The minor trick is that we generally do inference with a node object that represents both the type of a variable and where it was created in the trace. If we pull a node out of a data structure, we can just insert a reference to the original variable directly, rather than a getindex
instruction. This mimics the way that OO tracing elides data structures, which is really easy to implement (we could get the same effect with a post-inference optimisation pass).
Futamura Projections
As a fun example of these ideas in practice, we can see what happens when we apply Mjolnir to a programming language interpreter. Brainfuck is a handy language as we can interpret it with a very simple loop. By specialising this interpreter on a particular brainfuck program, we effectively have a compiler – spitting out minimal, equivalent Julia code for the input program. This is known as the first Futamura projection. It’s an appealing idea because writing an interpreter is often far easier than writing a compiler, but Futamura promises us one from the other, for free.
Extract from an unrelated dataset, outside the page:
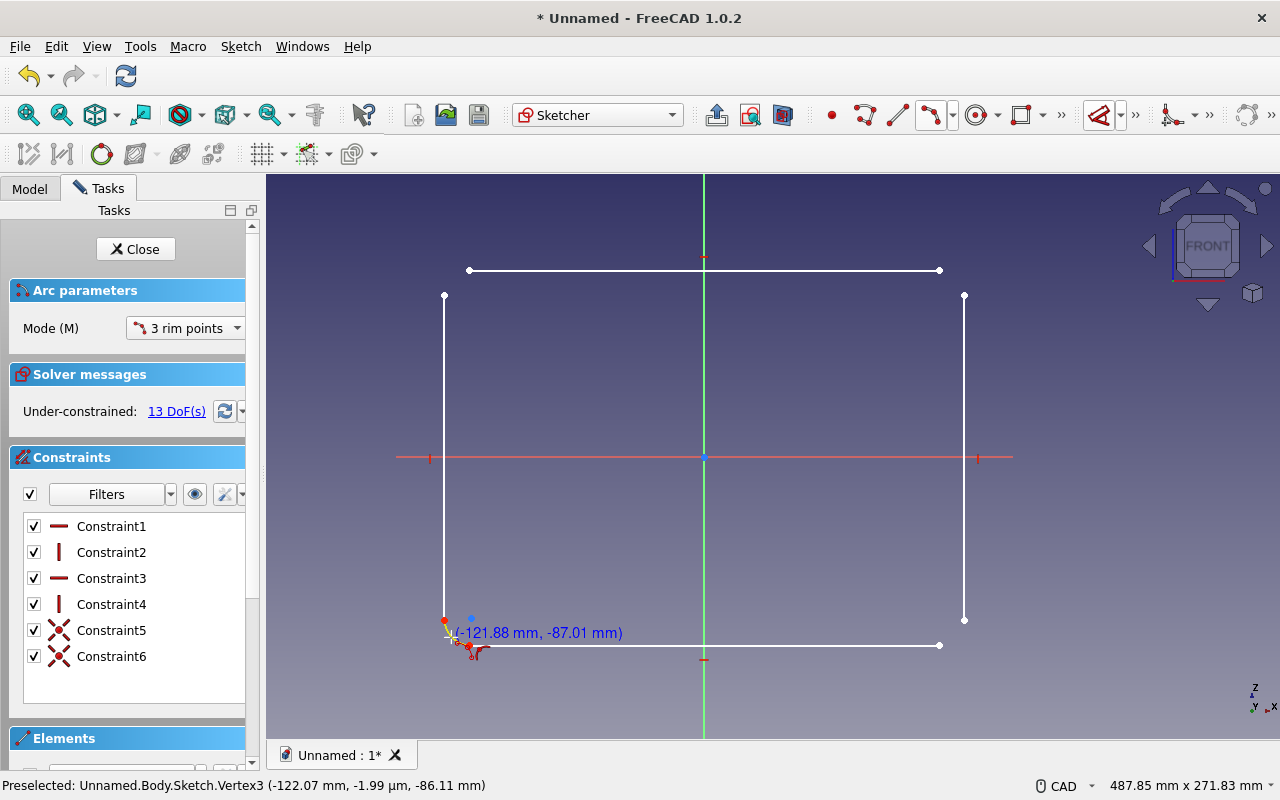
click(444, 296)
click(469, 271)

This notebook goes through the process in detail, but the upshot is that this actually works. The brainfuck program ++
gets compiled to the Julia IR equivalent of tape[1] += 1; tape[1] += 1
, as if you’d translated the BF code by hand. A program computing addition,
[->>+<<]>[->+<]
gets compiled to the equivalent Julia loops,
while tape[1] != 0
tape[1] -= 1
tape[3] += 1
end
while tape[2] != 0
tape[2] -= 1
tape[3] += 1
end
Even better, compiling this Julia code results in a single machine integer addition instruction, because LLVM is able to simplify the two loops. So a simple interpreter and Mjolnir give us a (fairly dumb) optimising brainfuck compiler.
Brainfuck is a silly example, but it’s worth remembering that any program that accepts a data structure can be viewed as an ‘interpreter’ for the ‘language’ the data type defines. Machine learning models often ‘interpret’ a configuration object, for example, and ideally we’d ‘compile’ that bulky configuration into a skinny set of numerical operations needed to do training or inference. For domains like this, Futamura projections make sense, and indeed are already used by major ML frameworks. Notwithstanding differences in terminology, this is what a system like JAX does.
Future Work
We have a proof-of-concept hybrid system that can carry out both abstract interpretation (propagating types and following multiple branches) and partial evaluation (propagating values and following single branches) together. Of course, building this out for a reasonably complex language like Julia is a big task, but there are already prototypes in constrained domains, like extracting symbolic expressions from code (effectively, compiling Julia to LaTeX) or compiling Julia to XLA. Eventually, such a system could potentially get even deeper compiler integration via Julia’s AbstractInterpreter work.
Of course, this idea is not necessarily that Julia specific. The referential transparency assumption opens doors in pretty much any language, and in particular support for dictionaries can likely be extended to Python’s object model quite easily. As in Julia you can grab Python bytecode at runtime and run passes like this, analyse control flow and so on, which may make it possible to build ever more flexible and intuitive high-performance systems.
-
JAX is my favourite example, but you could largely also substitute TensorFlow Graph or Torch Script. I usually call the operator-overloading approach ‘tracing’ but it also gets variously referred to as ‘partial evaluation’, ‘staged programming’ or ‘building a computation graph’. ↩︎
-
Those with the gnarled hands of a compiler developer might recognise this as a dataflow analysis. ↩︎
-
In PyTorch this technique was originally used just for AD (for which the graph effectively gets interpreted back-to-front) but recent frameworks reuse the same graph for compilation (as in Torch Script). ↩︎
-
Notably, Julia’s type inference treats recursive loops and iterative ones differently, which matters if you want tuple operations to be unrolled, for example. In Mjolnir this distinction doesn’t exist. ↩︎